Sell-side risk ratio hit 3-year high as Bitcoin broke above $73k


The Bitcoin sell-side risk ratio is calculated by dividing the sum of all profits and losses realized on-chain by the realized capitalization, offering a comparative view of daily investor activity against the total market capitalization adjusted for real-time inflows and outflows.

A rise in this metric indicates a higher likelihood of sell-side pressure, potentially leading to increased market volatility.

Between Feb. 8 and March 13, the Bitcoin sell-side risk ratio saw a significant surge, climbing from 0.12% to 0.777%. This increase followed a significant rise in Bitcoin’s price from $45,330 to $73,104. This period marked the highest sell-side risk ratio and the first instance of the ratio surpassing the 0.75% threshold since March 9, 2021.

Following this peak, BTC dropped to $61,860 by Mar. 19 before recovering to $70,000 on Mar. 26. The sell-side risk ratio adjusted to 0.556%.

sell side risk ratio ytd
Graph showing Bitcoin’s sell-side risk ratio from Jan. 1 to Mar. 26, 2024 (Source: Glassnode)

The increase of the sell-side risk ratio above its upper bound shows a period of high value realization among investors, often observed during the late stages of bull markets or bear market capitulation events. However, spikes like these can also occur at the beginning of bull cycles, particularly when the market undergoes initial corrections.

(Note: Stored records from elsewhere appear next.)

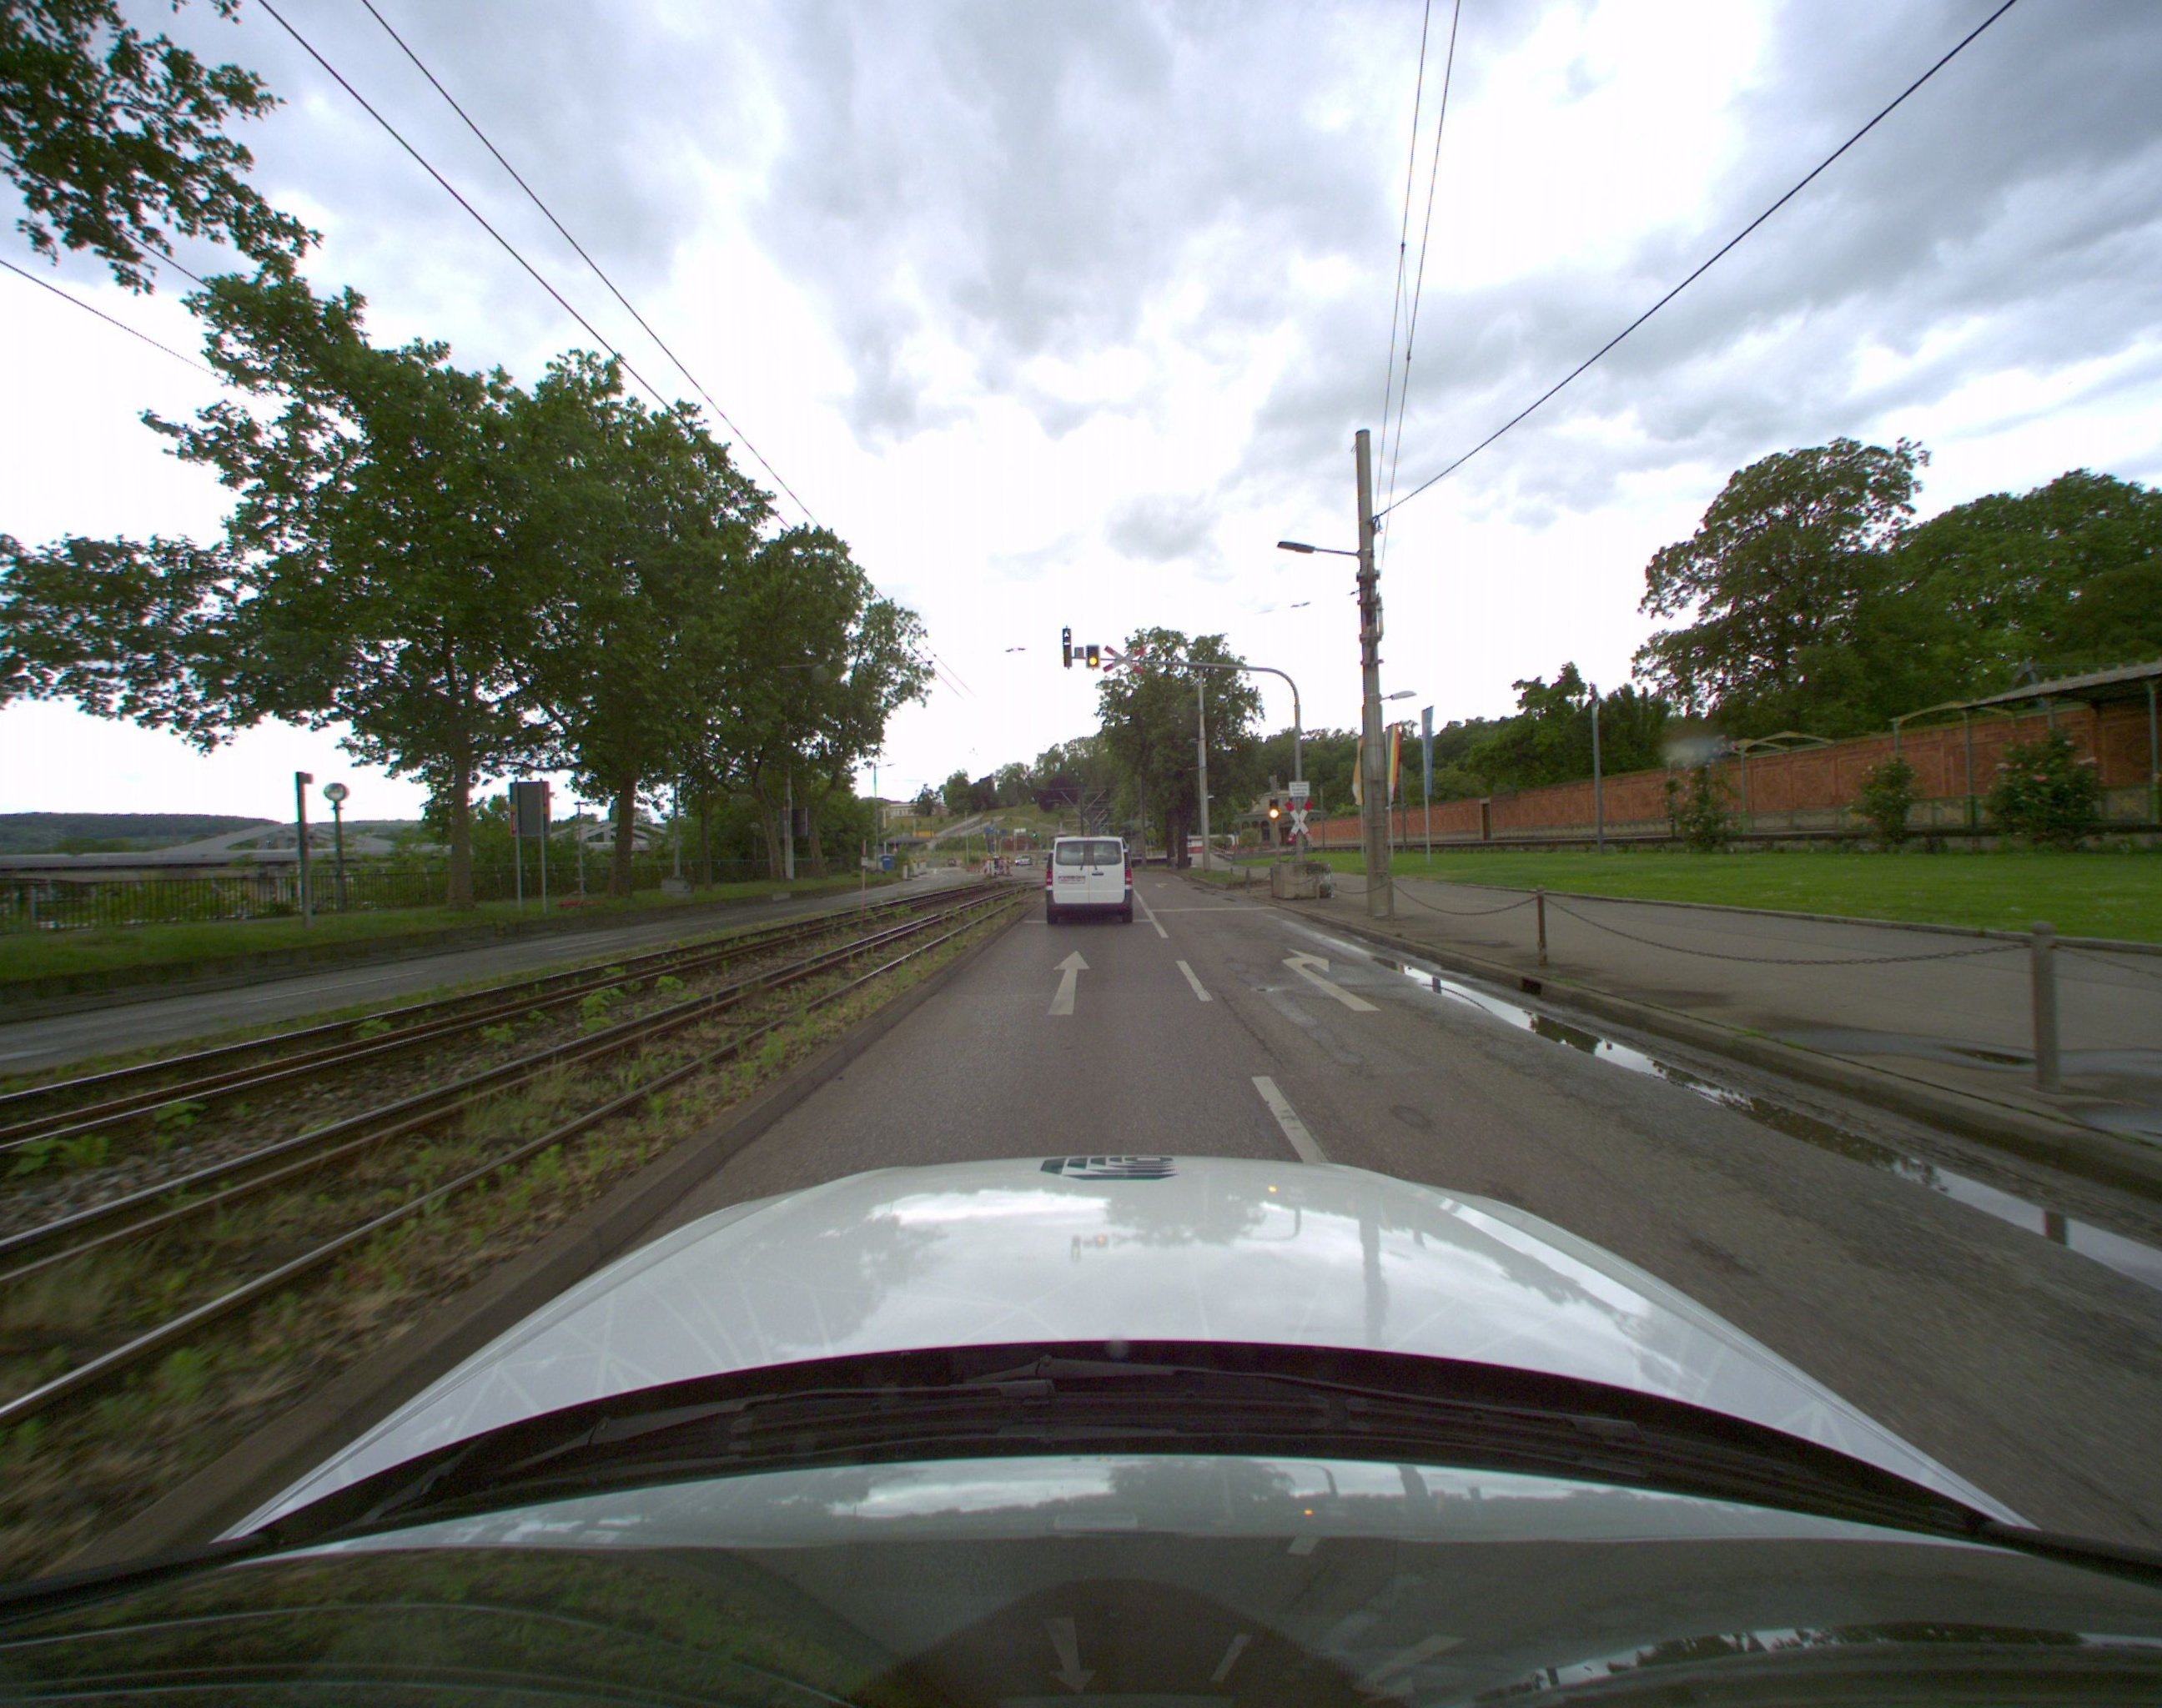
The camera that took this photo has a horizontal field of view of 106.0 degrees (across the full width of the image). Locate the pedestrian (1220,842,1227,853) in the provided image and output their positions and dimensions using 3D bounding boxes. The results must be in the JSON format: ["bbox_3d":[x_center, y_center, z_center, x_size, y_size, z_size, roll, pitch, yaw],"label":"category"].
[{"bbox_3d":[14.579,-0.657,83.203,0.547,1.201,0.668,0,-1,-4],"label":"pedestrian"}]

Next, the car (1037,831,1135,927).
[{"bbox_3d":[0.155,0.521,18.648,1.952,1.904,4.462,-1,0,1],"label":"car"}]

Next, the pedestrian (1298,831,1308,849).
[{"bbox_3d":[23.660,-1.493,86.944,0.943,1.838,0.551,0,-1,8],"label":"pedestrian"}]

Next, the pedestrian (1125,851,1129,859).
[{"bbox_3d":[6.942,0.174,123.190,0.654,1.191,0.676,0,-1,4],"label":"pedestrian"}]

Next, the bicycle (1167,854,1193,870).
[{"bbox_3d":[7.729,0.594,63.833,1.981,1.158,0.742,-3,-1,6],"label":"bicycle"}]

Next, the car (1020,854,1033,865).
[{"bbox_3d":[-8.989,0.978,135.058,1.746,1.772,4.002,0,-1,2],"label":"car"}]

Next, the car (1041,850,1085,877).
[{"bbox_3d":[-1.153,0.592,50.176,1.841,1.582,4.041,-1,0,-15],"label":"car"}]

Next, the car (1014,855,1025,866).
[{"bbox_3d":[-12.069,1.268,160.691,1.929,2.014,3.996,0,-1,-2],"label":"car"}]

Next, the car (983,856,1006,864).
[{"bbox_3d":[-19.125,1.334,180.648,4.677,1.477,2.007,-3,1,12],"label":"car"}]
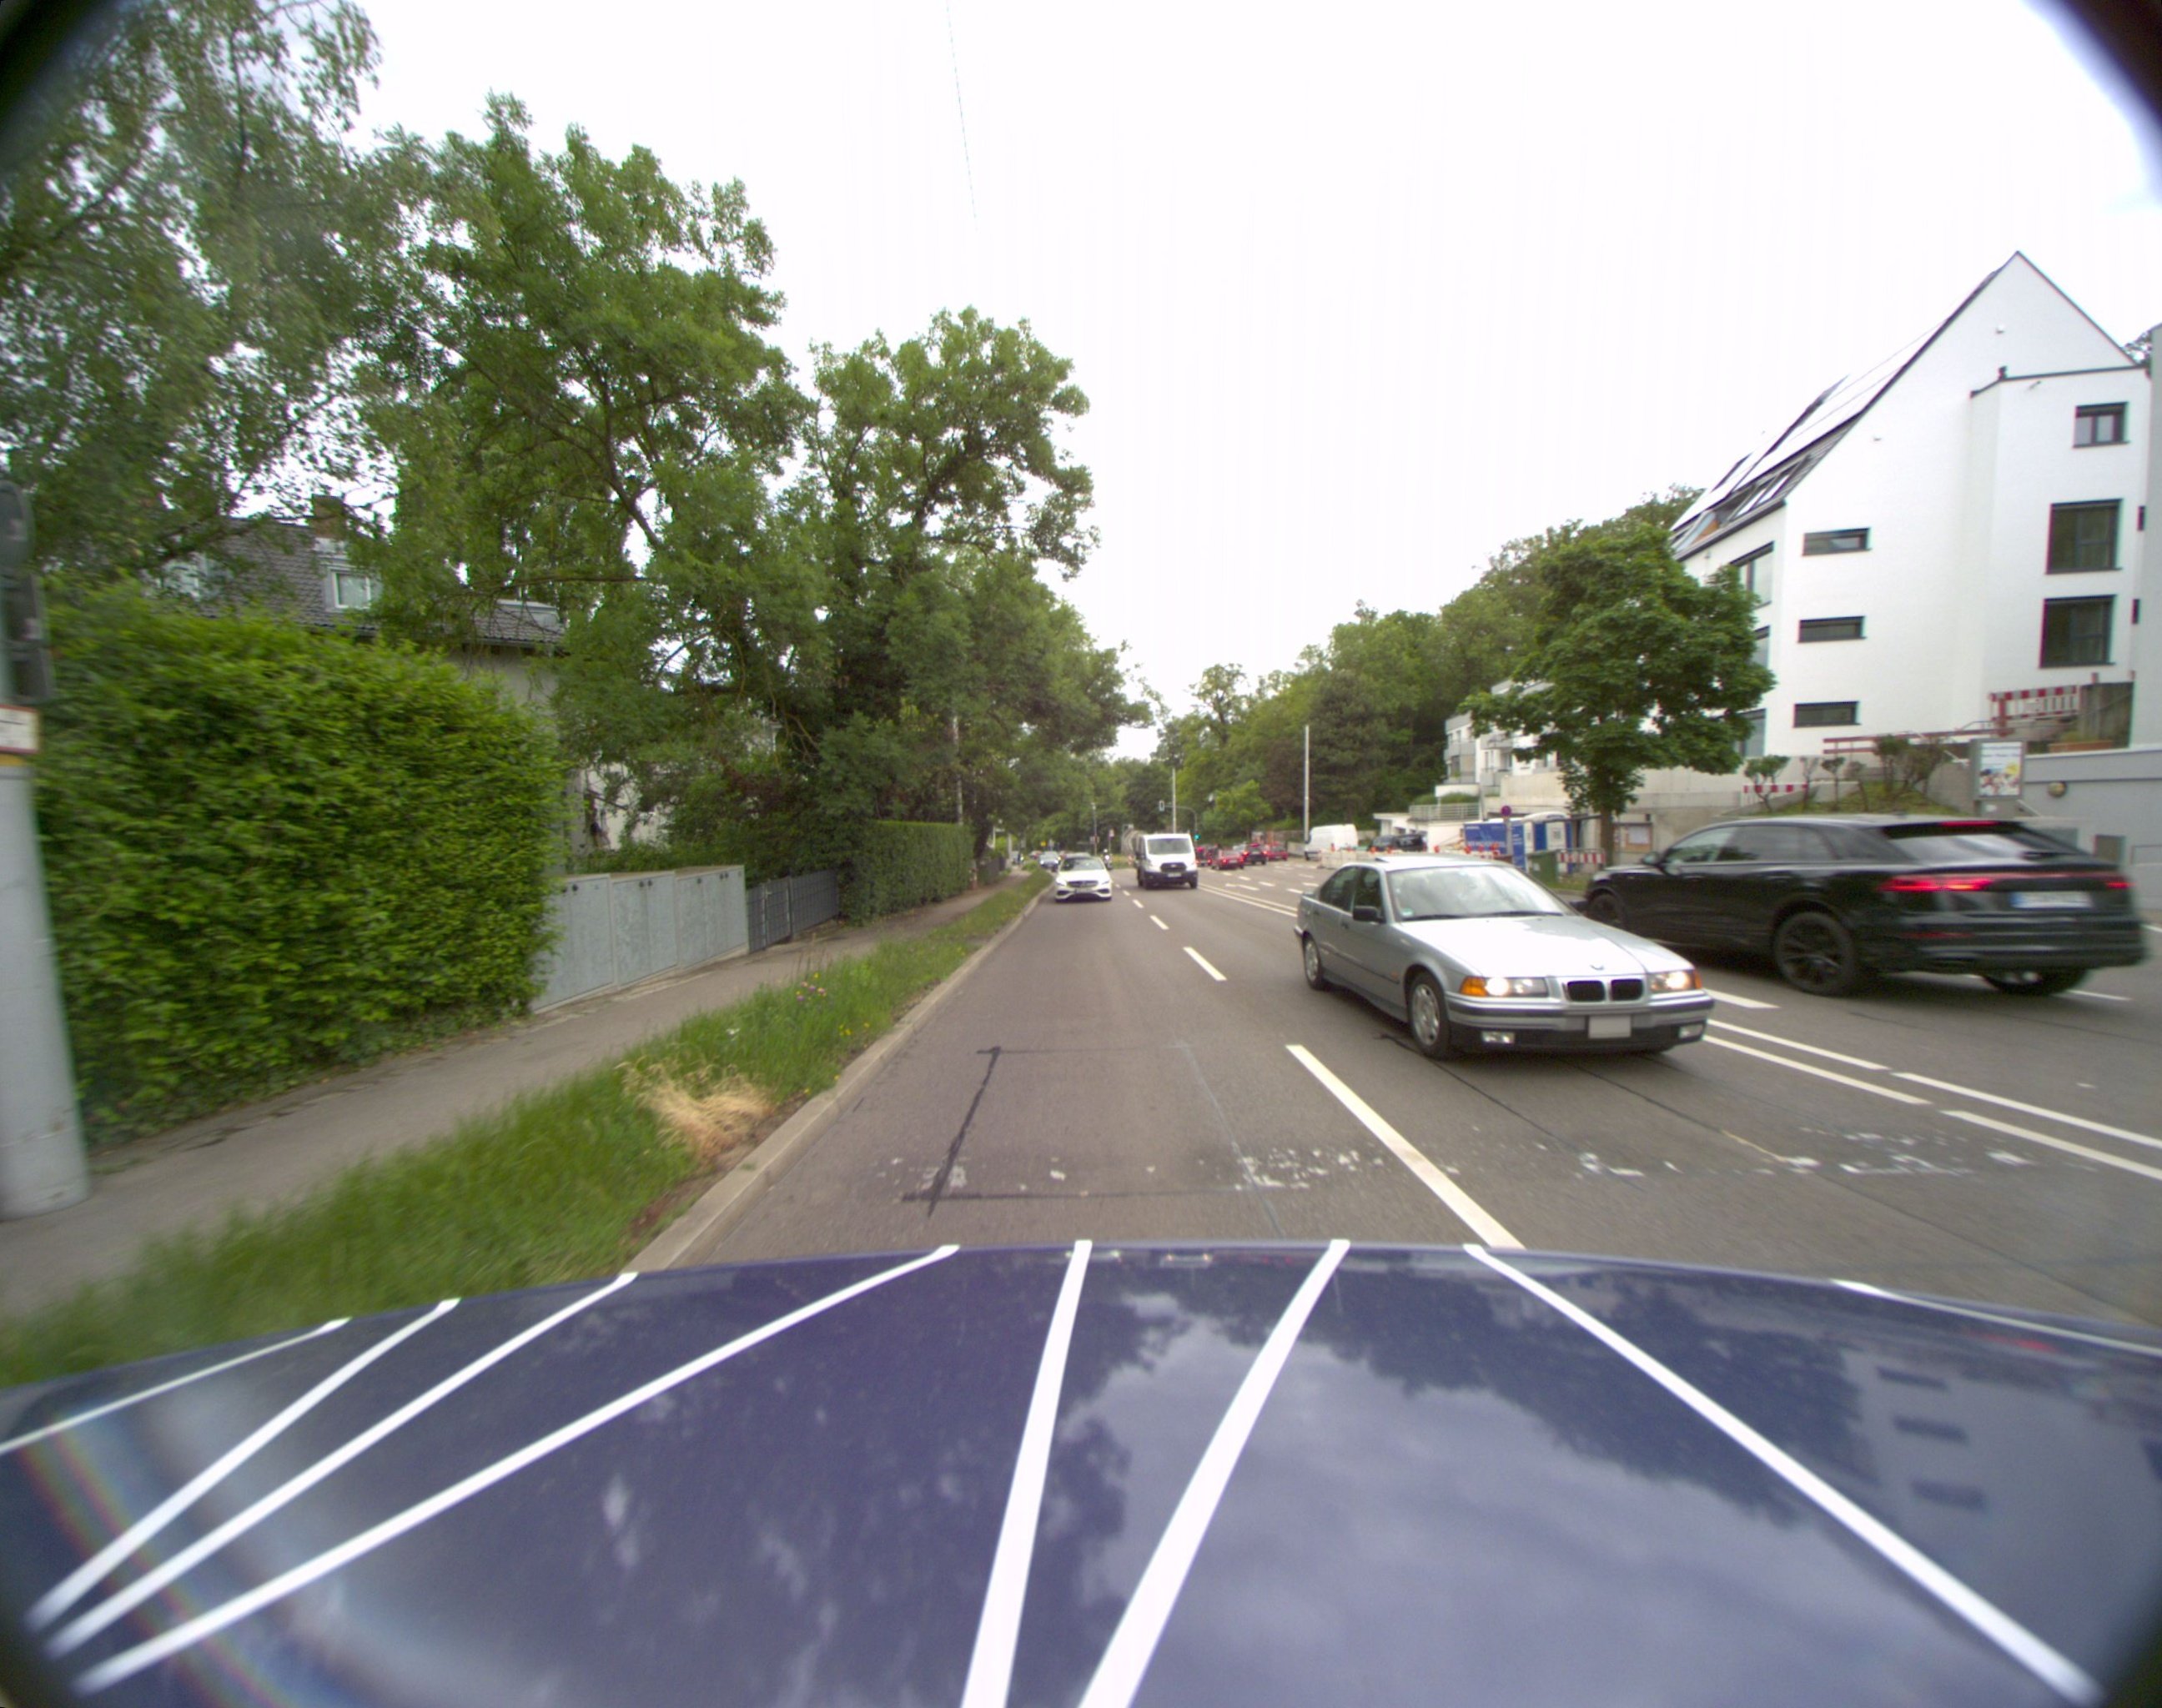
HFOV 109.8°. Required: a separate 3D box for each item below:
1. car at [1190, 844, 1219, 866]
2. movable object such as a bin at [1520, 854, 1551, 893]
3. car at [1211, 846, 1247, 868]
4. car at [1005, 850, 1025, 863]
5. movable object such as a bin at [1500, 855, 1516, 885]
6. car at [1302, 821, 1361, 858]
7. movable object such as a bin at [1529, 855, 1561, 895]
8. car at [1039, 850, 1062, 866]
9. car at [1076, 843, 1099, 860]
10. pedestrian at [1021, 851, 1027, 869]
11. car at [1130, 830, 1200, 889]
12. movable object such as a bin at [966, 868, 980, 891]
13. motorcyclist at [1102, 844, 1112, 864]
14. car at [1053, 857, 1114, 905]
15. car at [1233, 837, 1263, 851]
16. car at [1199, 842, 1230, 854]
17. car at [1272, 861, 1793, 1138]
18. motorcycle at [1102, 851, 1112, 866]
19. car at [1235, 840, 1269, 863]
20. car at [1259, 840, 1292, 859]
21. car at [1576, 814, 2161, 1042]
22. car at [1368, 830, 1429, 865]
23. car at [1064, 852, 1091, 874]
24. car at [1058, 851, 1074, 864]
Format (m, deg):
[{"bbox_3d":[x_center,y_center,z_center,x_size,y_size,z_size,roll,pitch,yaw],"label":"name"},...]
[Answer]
[{"bbox_3d":[9.768,0.047,60.441,1.779,1.588,4.664,-2,1,3],"label":"car"},{"bbox_3d":[13.796,0.587,23.072,0.586,1.131,0.586,-2,1,7],"label":"movable object such as a bin"},{"bbox_3d":[9.855,0.162,50.733,1.752,1.373,4.322,-2,1,3],"label":"car"},{"bbox_3d":[-8.925,0.282,102.261,2.001,1.647,4.430,-2,1,-15],"label":"car"},{"bbox_3d":[14.228,0.536,25.310,0.327,0.970,0.425,-2,1,7],"label":"movable object such as a bin"},{"bbox_3d":[18.635,-1.050,56.806,1.999,2.512,6.532,-2,1,-2],"label":"car"},{"bbox_3d":[13.714,0.612,22.459,0.589,1.131,0.645,-2,1,7],"label":"movable object such as a bin"},{"bbox_3d":[-3.034,0.356,75.062,1.676,1.523,3.996,-2,1,-10],"label":"car"},{"bbox_3d":[0.609,-0.232,71.025,1.999,1.540,3.999,-1,0,-1],"label":"car"},{"bbox_3d":[-5.838,0.578,77.646,0.513,1.824,0.494,-2,1,-1],"label":"pedestrian"},{"bbox_3d":[3.358,0.219,31.495,1.999,2.161,6.267,-1,0,-2],"label":"car"},{"bbox_3d":[-4.408,1.058,31.075,0.474,0.906,0.454,-2,1,1],"label":"movable object such as a bin"},{"bbox_3d":[2.023,0.010,59.058,0.619,1.463,0.930,-4,1,-3],"label":"motorcyclist"},{"bbox_3d":[0.036,0.835,25.170,1.821,1.339,3.999,-2,1,-2],"label":"car"},{"bbox_3d":[18.620,-1.112,84.708,3.301,1.434,1.579,-2,1,-40],"label":"car"},{"bbox_3d":[14.678,-0.646,83.797,1.569,1.277,3.287,-2,1,-29],"label":"car"},{"bbox_3d":[3.063,0.819,6.470,1.639,1.375,4.619,-2,1,-1],"label":"car"},{"bbox_3d":[2.024,0.361,59.341,0.574,1.120,2.295,-4,1,-3],"label":"motorcycle"},{"bbox_3d":[12.894,-0.217,57.388,1.779,1.588,4.226,-2,1,3],"label":"car"},{"bbox_3d":[16.067,-0.367,62.869,1.582,1.434,3.293,-2,1,-4],"label":"car"},{"bbox_3d":[7.618,0.526,8.023,1.851,1.693,4.763,-1,1,2],"label":"car"},{"bbox_3d":[17.287,-0.347,41.551,1.810,1.741,4.251,-2,1,5],"label":"car"},{"bbox_3d":[-0.287,0.634,54.947,1.734,1.403,3.998,-2,1,-3],"label":"car"},{"bbox_3d":[-2.413,0.502,118.318,2.000,1.880,3.997,-1,1,-8],"label":"car"}]

The subsequent correction in Bitcoin’s price and the sell-side risk ratio indicates volatility. However, this volatility is not without precedent. Since 2011, the trend has been toward diminishing returns with each market cycle, leading to lower highs in the sell-side risk ratio. This is consistent with the observed pattern where, with each cycle, investors are realizing less profit, hinting at a maturing market.

bitcoin sell side risk ratio 14y
Graph showing Bitcoin’s sell-side risk ratio from Jul. 19, 2010, to Mar. 26, 2024 (Source: Glassnode)

The continuous stay of the ratio above the 0.1% mark since Nov. 29, 2023, further emphasizes a shift from the very low value realization observed on Sept. 18, 2023, at 0.039%. This transition suggests a move away from market bottoms and accumulation phases towards more active and possibly speculative trading phases.

The break above the upper bound signals a significant turning point, likely driven by investor optimism and profit-taking. However, the historical trend towards lower highs in this ratio may indicate a gradual stabilization of the market, with less pronounced peaks in value realization as the market matures.